The area, by now part of San Bartolo District, was the focus of two concessions, with the first one taking place on January 30, 1943, granted by the Ministry of the Navy to Luis Debernardi Dávila for 10 years, concerning what was known as a 25 ha area in Posa de Santa María beach to be used for fish farming. The second took place on June 13, 1943, granted by the Ministry of Development to architect Fernando Belaúnde Terry in order to establish a balneario in the area. both concessions were transferred to Elías and Eugelio Fernandini Clotet on October 18, 1945, with one being reworked to include the development of a yacht club and the use of the beaches to promote fishing and maritime sports.

In 1950, Elías Fernandini brought a pine seed from France and planted it in the entrance of the district (it later died in late 2022). The species (A. excelsa) is native to Norfolk Island and over 400 trees of the same type adorn the district. 8 years later, Walter Weberhofer, a Peruvian architect of Austrian descent won a contest to begin the development of a yacht club, which later came to be known as Club Esmeralda. Weberhofer's work was later called by the American National Association of Home Builders as the "Capri of South America".

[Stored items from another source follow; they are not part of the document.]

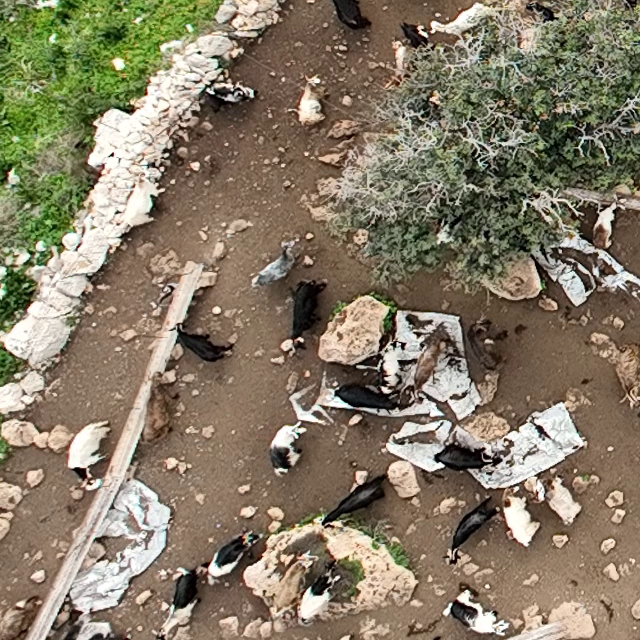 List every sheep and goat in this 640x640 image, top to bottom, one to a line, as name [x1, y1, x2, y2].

goat [330, 0, 372, 29]
goat [527, 2, 556, 22]
goat [432, 3, 496, 37]
goat [398, 22, 431, 49]
goat [390, 41, 412, 79]
goat [297, 73, 331, 127]
goat [207, 79, 258, 102]
goat [325, 119, 375, 137]
goat [592, 198, 627, 248]
goat [251, 236, 300, 288]
goat [291, 277, 327, 350]
goat [151, 282, 177, 314]
goat [469, 320, 505, 371]
goat [169, 322, 235, 362]
goat [378, 337, 403, 395]
goat [410, 338, 438, 404]
goat [612, 342, 639, 409]
goat [140, 370, 179, 445]
goat [334, 382, 411, 413]
goat [66, 419, 109, 487]
goat [270, 422, 305, 478]
goat [434, 444, 502, 470]
goat [323, 472, 386, 525]
goat [541, 475, 583, 525]
goat [503, 485, 541, 547]
goat [443, 495, 500, 564]
goat [209, 533, 261, 576]
goat [272, 550, 318, 610]
goat [302, 560, 342, 619]
goat [155, 567, 202, 638]
goat [444, 590, 510, 636]
goat [0, 596, 40, 639]
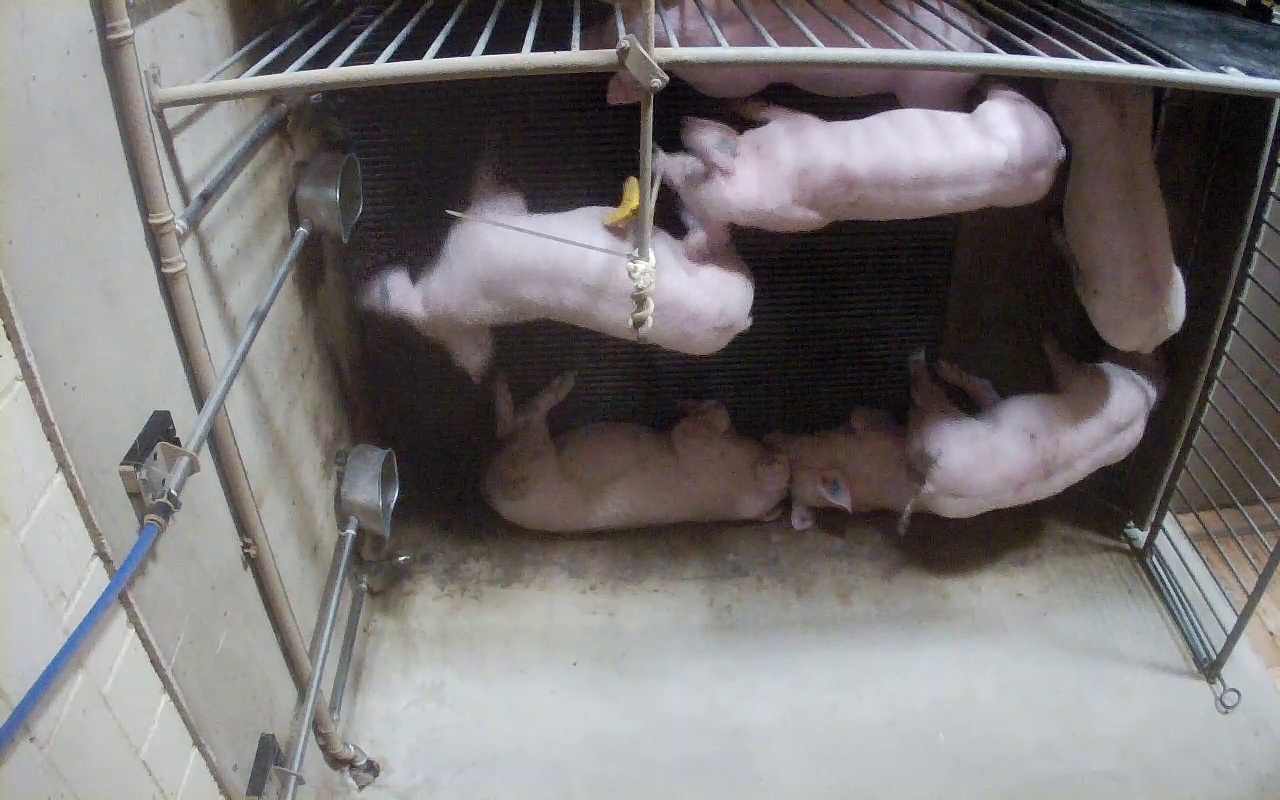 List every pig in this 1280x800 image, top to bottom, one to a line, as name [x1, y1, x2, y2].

pig [580, 0, 988, 113]
pig [1029, 1, 1188, 356]
pig [652, 78, 1065, 264]
pig [356, 133, 758, 386]
pig [898, 339, 1172, 535]
pig [762, 360, 1002, 531]
pig [477, 367, 792, 534]

The area soon became the birthplace of the local jet set culture, with locals from Lima visiting or establishing themselves in the district. International visitors were also attracted, with visitors that included then Prince of Spain, Juan Carlos I.

The district's first mayor was Aurelio Yrigoyen Rodrigo, whose tenure started in 1962. He was succeeded by 5 other mayors up until 2011, and 3 more since then.

=== Recent history ===
In 2020, a bust of Miguel Grau and the nautical chart of Santa María was unveiled in the district. In 2021, a 6 × 1.6 cm Chilean Bachmann-type cartridge dating back to the War of the Pacific was found in Embajadores beach.

On September 28, 2023, the Congress of Peru was awarded a 35,133.05 m^{2} terrain by the National Superintendence of State Assets on the district, to be used as a "Parliamentary Training and Studies Centre" at a total cost of over S/. 17 million and an estimated completion date of December 31, 2025. The news of the high-end facility's intended features and cost, as well as possible damages to the Inca road system, attracted criticism from a number of congressmen and the press.

== Politics ==
Santa María del Mar is under the jurisdiction of its own district municipality, as well as that of the Metropolitan Municipality of Lima.

=== List of mayors ===
Since 2023, the incumbent mayor is Hugo Monteverde.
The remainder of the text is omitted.